[Stored data]
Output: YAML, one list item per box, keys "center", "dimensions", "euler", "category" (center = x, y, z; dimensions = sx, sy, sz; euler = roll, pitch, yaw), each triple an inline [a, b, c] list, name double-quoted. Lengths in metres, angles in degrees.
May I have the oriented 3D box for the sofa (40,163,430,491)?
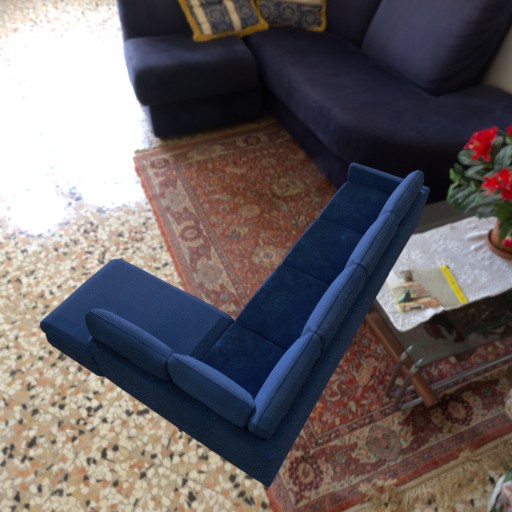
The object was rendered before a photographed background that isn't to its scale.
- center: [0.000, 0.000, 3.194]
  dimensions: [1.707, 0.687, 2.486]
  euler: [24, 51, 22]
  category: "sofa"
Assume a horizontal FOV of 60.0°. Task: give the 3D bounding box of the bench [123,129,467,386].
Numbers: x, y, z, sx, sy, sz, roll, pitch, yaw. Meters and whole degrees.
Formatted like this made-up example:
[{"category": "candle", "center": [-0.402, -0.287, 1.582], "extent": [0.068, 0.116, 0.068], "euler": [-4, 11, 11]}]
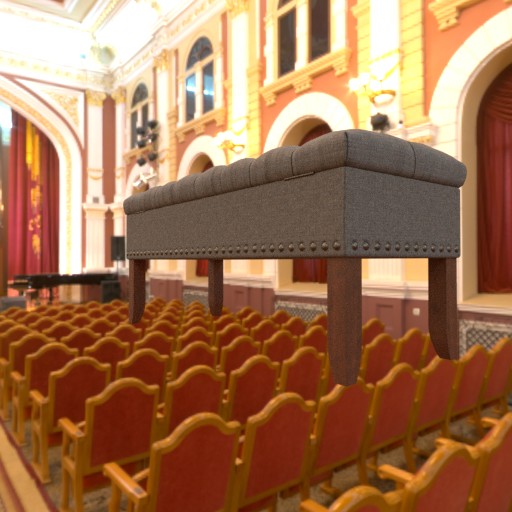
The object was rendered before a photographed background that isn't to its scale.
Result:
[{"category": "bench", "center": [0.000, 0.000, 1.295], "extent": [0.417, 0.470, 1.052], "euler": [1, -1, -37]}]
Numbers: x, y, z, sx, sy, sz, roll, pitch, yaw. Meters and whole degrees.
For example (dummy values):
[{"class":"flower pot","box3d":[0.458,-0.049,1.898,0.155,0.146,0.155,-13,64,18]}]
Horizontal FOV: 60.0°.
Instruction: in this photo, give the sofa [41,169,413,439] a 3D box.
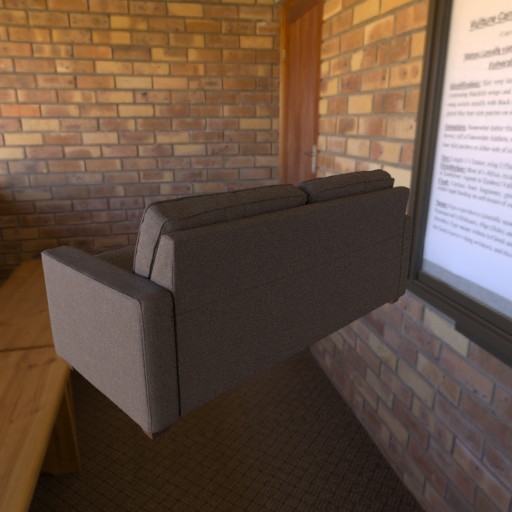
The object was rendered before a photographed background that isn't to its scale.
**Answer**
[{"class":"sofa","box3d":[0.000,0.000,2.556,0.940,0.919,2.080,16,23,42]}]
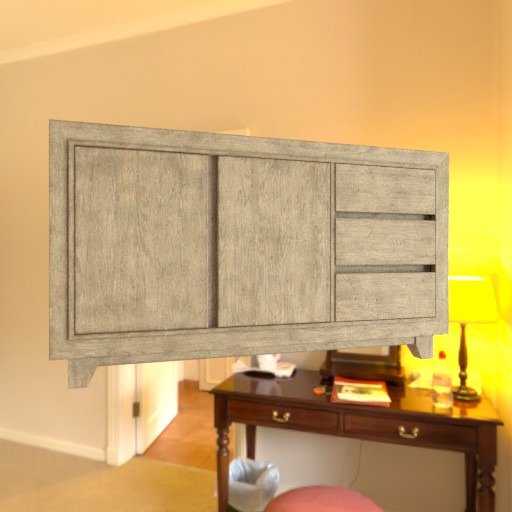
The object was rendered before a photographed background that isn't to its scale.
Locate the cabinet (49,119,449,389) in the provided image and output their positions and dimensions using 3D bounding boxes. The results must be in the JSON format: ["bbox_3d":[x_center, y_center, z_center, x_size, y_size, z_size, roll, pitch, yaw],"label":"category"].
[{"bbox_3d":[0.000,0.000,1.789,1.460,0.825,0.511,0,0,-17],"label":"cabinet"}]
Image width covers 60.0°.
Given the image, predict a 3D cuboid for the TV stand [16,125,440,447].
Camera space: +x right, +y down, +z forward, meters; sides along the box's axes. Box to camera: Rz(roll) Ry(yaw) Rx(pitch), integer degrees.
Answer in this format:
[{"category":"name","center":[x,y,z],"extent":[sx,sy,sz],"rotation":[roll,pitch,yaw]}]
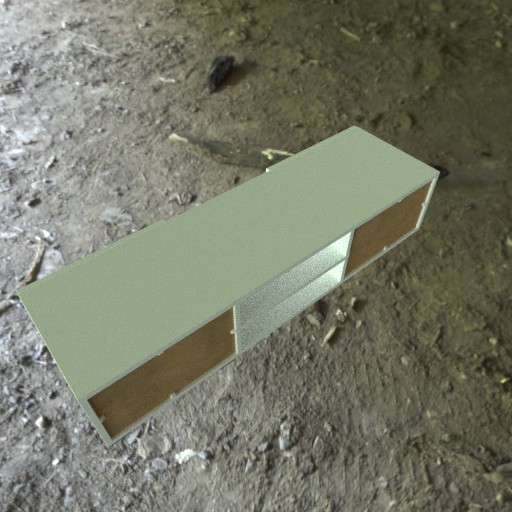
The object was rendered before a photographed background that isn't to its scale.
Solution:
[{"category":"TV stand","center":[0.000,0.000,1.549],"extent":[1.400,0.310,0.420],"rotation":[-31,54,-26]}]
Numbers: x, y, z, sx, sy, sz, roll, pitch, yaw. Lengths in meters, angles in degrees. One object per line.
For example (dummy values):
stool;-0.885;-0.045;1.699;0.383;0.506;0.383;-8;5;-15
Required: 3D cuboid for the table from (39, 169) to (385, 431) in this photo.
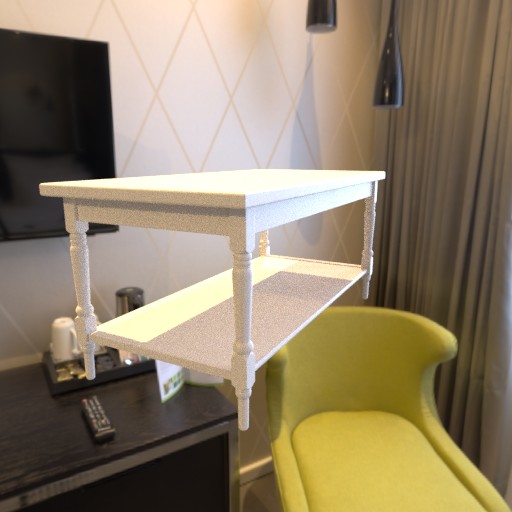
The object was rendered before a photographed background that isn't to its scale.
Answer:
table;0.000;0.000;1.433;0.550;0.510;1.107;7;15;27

* * *

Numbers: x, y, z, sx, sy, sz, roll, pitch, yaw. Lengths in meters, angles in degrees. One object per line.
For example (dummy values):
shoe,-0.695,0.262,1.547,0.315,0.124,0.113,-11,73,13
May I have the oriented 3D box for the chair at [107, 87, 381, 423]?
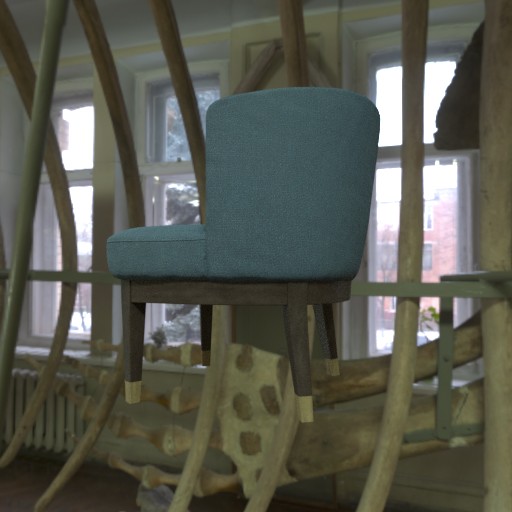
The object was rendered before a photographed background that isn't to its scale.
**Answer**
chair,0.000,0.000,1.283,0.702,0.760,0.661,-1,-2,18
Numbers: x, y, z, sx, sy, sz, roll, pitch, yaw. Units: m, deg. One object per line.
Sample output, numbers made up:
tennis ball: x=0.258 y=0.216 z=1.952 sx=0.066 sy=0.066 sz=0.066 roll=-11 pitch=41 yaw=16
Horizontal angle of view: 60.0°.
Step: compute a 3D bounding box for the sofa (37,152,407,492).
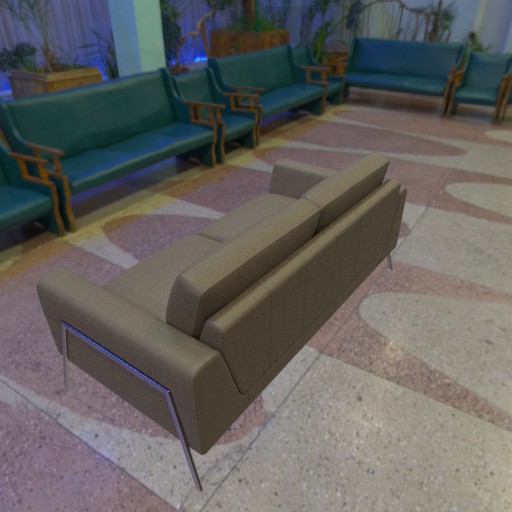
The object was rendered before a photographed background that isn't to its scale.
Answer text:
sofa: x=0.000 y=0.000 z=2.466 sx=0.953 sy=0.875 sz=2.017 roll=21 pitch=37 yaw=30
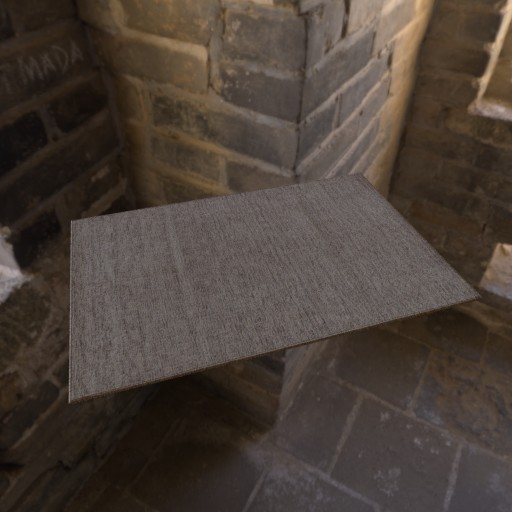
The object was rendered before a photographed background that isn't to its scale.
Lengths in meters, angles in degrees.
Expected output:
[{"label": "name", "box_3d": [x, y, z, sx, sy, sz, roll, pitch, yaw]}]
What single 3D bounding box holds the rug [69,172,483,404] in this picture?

** WHAT THE EXERCISE ASKS **
Please say how many lines in the records contain the word "Lengths", and give only that number.

** RESPONSE BELOW **
4